## YOUR GOAL
Output only this range of the data below: the line that contains "euler=(6, 50, -8))" through the final line, both ends included, each retyped exactly.
|---|
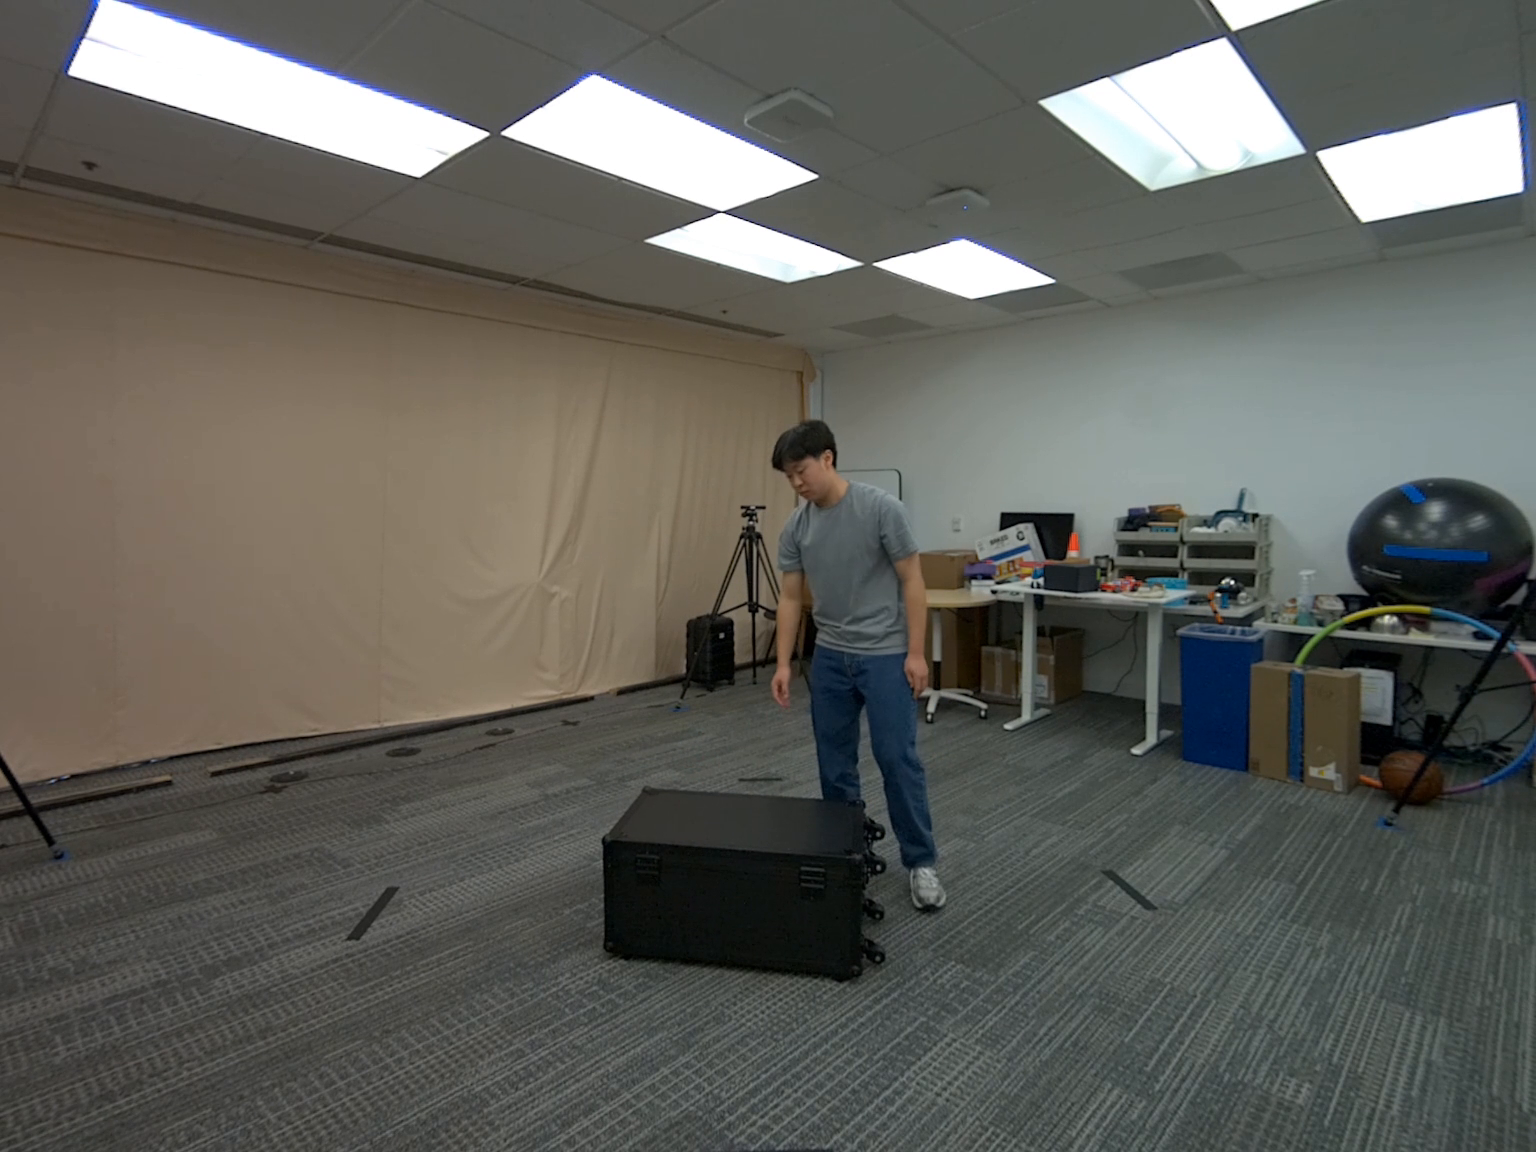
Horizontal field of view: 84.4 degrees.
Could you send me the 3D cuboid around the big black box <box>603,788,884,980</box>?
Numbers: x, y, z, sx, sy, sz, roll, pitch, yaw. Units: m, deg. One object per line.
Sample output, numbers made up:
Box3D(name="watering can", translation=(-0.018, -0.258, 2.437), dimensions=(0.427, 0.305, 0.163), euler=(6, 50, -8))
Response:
|---|
## SOLUTION TO THE EXERCISE
Box3D(name="watering can", translation=(-0.018, -0.258, 2.437), dimensions=(0.427, 0.305, 0.163), euler=(6, 50, -8))
Response:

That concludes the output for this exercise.